Process our day13 string, add to words, and convert txts to symbols

day13 <- day13 %>% strsplit (split = "\\s") %>%
    extract2 (1)
words <- unique (c (words, day13))
txts <- lapply (txts, function (i) match (i, words))

Then convert txts to rolling sequences of symbols defined by the length of the shortest carol (which is 47 words)

rolltxt <- function (txt, len = minlen)
{
    res <- list ()
    while (length (txt) > len)
    {
        res [[length (res) + 1]] <- txt [1:len]
        txt <- txt [2:length (txt)]
    }
    do.call (cbind, res)
}
dat <- lapply (txts, rolltxt) %>% do.call (cbind, .)
dat <- dat / length (words)

And separate into training and test components

ntest <- 3 # test 3 word sequences
train <- t (dat [1:(nrow (dat) - ntest), ])
test <- t (dat [(nrow (dat) - ntest + 1):nrow (dat), ])
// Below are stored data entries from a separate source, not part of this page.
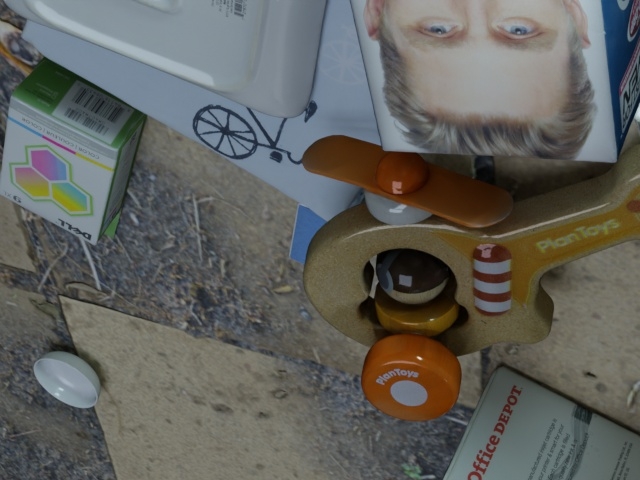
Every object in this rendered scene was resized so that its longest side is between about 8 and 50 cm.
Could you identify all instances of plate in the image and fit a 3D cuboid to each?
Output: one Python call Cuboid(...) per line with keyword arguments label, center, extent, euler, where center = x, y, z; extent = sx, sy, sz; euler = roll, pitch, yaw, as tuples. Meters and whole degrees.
Cuboid(label="plate", center=(-0.127, -0.217, 1.134), extent=(0.278, 0.045, 0.277), euler=(22, 143, 7))

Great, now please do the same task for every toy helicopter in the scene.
Cuboid(label="toy helicopter", center=(0.138, -0.009, 1.201), extent=(0.355, 0.140, 0.235), euler=(-20, 124, 30))

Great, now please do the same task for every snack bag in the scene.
Cuboid(label="snack bag", center=(-0.058, -0.175, 1.210), extent=(0.342, 0.037, 0.323), euler=(31, 143, -4))

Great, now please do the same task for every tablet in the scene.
Cuboid(label="tablet", center=(0.000, 0.000, 1.390), extent=(0.054, 0.006, 0.083), euler=(23, 143, 10))

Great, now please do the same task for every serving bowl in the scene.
Cuboid(label="serving bowl", center=(-0.284, 0.154, 1.735), extent=(0.083, 0.027, 0.083), euler=(19, 142, 16))

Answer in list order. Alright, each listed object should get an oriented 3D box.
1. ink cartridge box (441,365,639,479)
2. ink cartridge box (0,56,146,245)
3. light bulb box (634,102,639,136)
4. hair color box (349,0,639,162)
Cuboid(label="ink cartridge box", center=(0.217, 0.232, 1.385), extent=(0.208, 0.153, 0.087), euler=(28, 144, 6))
Cuboid(label="ink cartridge box", center=(-0.239, -0.066, 1.430), extent=(0.109, 0.062, 0.209), euler=(28, 143, 3))
Cuboid(label="light bulb box", center=(0.357, -0.045, 0.809), extent=(0.225, 0.361, 0.358), euler=(1, 133, 33))
Cuboid(label="hair color box", center=(0.103, -0.218, 0.967), extent=(0.174, 0.105, 0.347), euler=(4, 132, 24))
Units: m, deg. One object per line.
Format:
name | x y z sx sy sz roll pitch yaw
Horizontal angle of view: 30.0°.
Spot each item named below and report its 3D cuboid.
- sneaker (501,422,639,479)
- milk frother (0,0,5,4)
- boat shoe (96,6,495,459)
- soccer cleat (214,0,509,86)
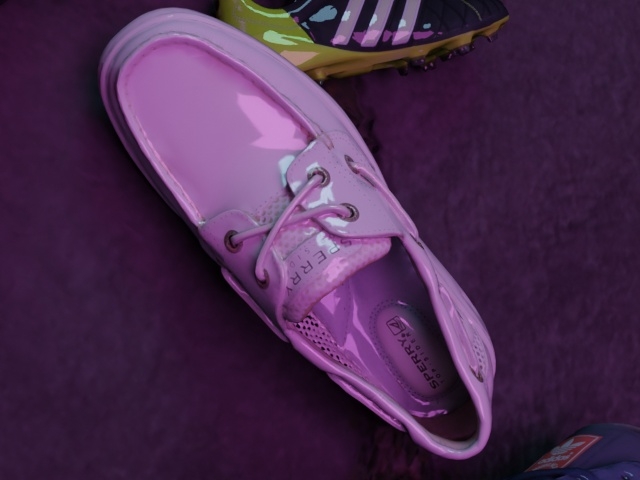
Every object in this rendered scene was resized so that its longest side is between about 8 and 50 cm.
sneaker | 0.111 0.161 0.643 0.350 0.131 0.148 21 68 -31
milk frother | -0.159 -0.196 0.518 0.143 0.135 0.129 35 57 -23
boat shoe | 0.000 0.000 0.591 0.098 0.096 0.277 -42 107 9
soccer cleat | 0.027 -0.125 0.657 0.179 0.060 0.072 -15 91 -26

(yeah yeah, the test data are also in the train data, I know …)


keras time

Define a kerasR model (using the TensorFlow backend here) as the simplest of all possible sequential Long-Short Term Memory (LSTM) layers.

library (kerasR)
train <- t (dat [1:(nrow (dat) - ntest), ])
test <- t (dat [(nrow (dat) - ntest + 1):nrow (dat), ])
n <- ncol (train) # 44
n_neurons <- 500
batch_size <- 32
mod <- Sequential()
mod$add (LSTM (n_neurons, input_shape= c (1, n)))
mod$add (Dense (ncol (test)))
keras_compile (mod, loss='mean_squared_error', optimizer='adam')
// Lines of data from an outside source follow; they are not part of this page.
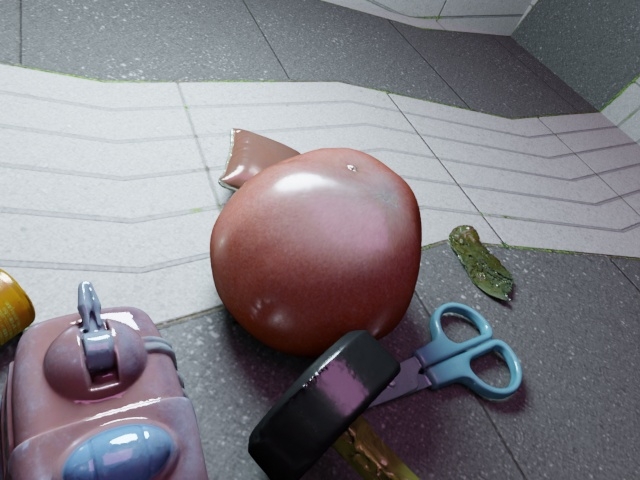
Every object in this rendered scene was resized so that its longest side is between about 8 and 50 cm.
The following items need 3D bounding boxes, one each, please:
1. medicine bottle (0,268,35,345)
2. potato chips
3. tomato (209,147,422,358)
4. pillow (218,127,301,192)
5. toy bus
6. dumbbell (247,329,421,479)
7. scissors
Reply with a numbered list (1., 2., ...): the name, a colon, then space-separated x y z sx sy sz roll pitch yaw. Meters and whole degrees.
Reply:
1. medicine bottle: -0.446 0.117 0.558 0.096 0.096 0.192 33 42 9
2. potato chips: 0.360 0.048 1.065 0.142 0.026 0.209 14 43 -15
3. tomato: 0.000 0.000 0.755 0.341 0.273 0.342 14 43 -13
4. pillow: -0.117 -0.143 0.992 0.171 0.075 0.179 18 45 -16
5. toy bus: -0.214 0.203 0.479 0.197 0.232 0.294 -6 50 -30
6. dumbbell: 0.090 0.283 0.554 0.322 0.204 0.203 44 45 15
7. scissors: 0.143 0.221 0.783 0.446 0.029 0.193 -12 53 -31

We need to convert our 2-D training data from the carol texts into a 3-D tensor:

train3 <- array (NA, dim = c (nrow (train), 1, ncol (train))) # make tensor
train3 [, 1, ] <- train

Then train the model on the carols:

keras_fit (mod, train3, test, batch_size = 32, epochs=10, verbose = 1,
           validation_split = 0.1)

Prediction

First set up our prediction text which is the (final portion of the) text of the twelve days of Christmas, plus:

paste (day13, collapse = " ")
## [1] "on the thirteenth day of christmas my true love gave to me"
len <- minlen - ntest
txt <- process_one (f = "test.txt") # full text of the 12 days
day13 <- "on the thirteenth day of christmas my true love gave to me" %>%
    strsplit (split = "\\s") %>%
    extract2 (1)
txt <- c (txt, day13) %>%
  tail (len) %>%
  match (words) %>%
  array (dim = c (1, 1, length (.)))

Use that to predict, first setting up the prediction text

library (kerasR)
mod <- keras_load ("the_model.h5")
x <- keras_predict (mod, txt)

Then just match that prediction back onto the words

x <- words [round (keras_predict (mod, txt) * length (words))]

And so what did I get?

With a bit of visual embellishment in Christmas card form …

library (extrafont)
fonttable <- fonts ()
plot.new ()
par (mar = rep (0, 4), bg = "gray5", family = "Sawasdee")
plot (NULL, NULL, xlim = c (0, 1), ylim = c (0, 1),
      xlab = "", ylab = "", xaxt = "n", yaxt = "n", frame = FALSE)
text (x = 0.5, y = 0.97, adj = 0.5, cex = 2, col = "gray95",
      labels = "On the thirteenth day of Christmas")
text (x = 0.5, y = 0.9, adj = 0.5, cex = 2, col = "gray95",
      labels = "my true love gave to me ...")
text (x = 0.5, y = 0.45 + (-1:1) * 0.25, adj = 0.5, labels = x,
      cex = 10, col = "gray95")

There you go. If you don’t understand what ‘nigh by bed’ means, ask the machine.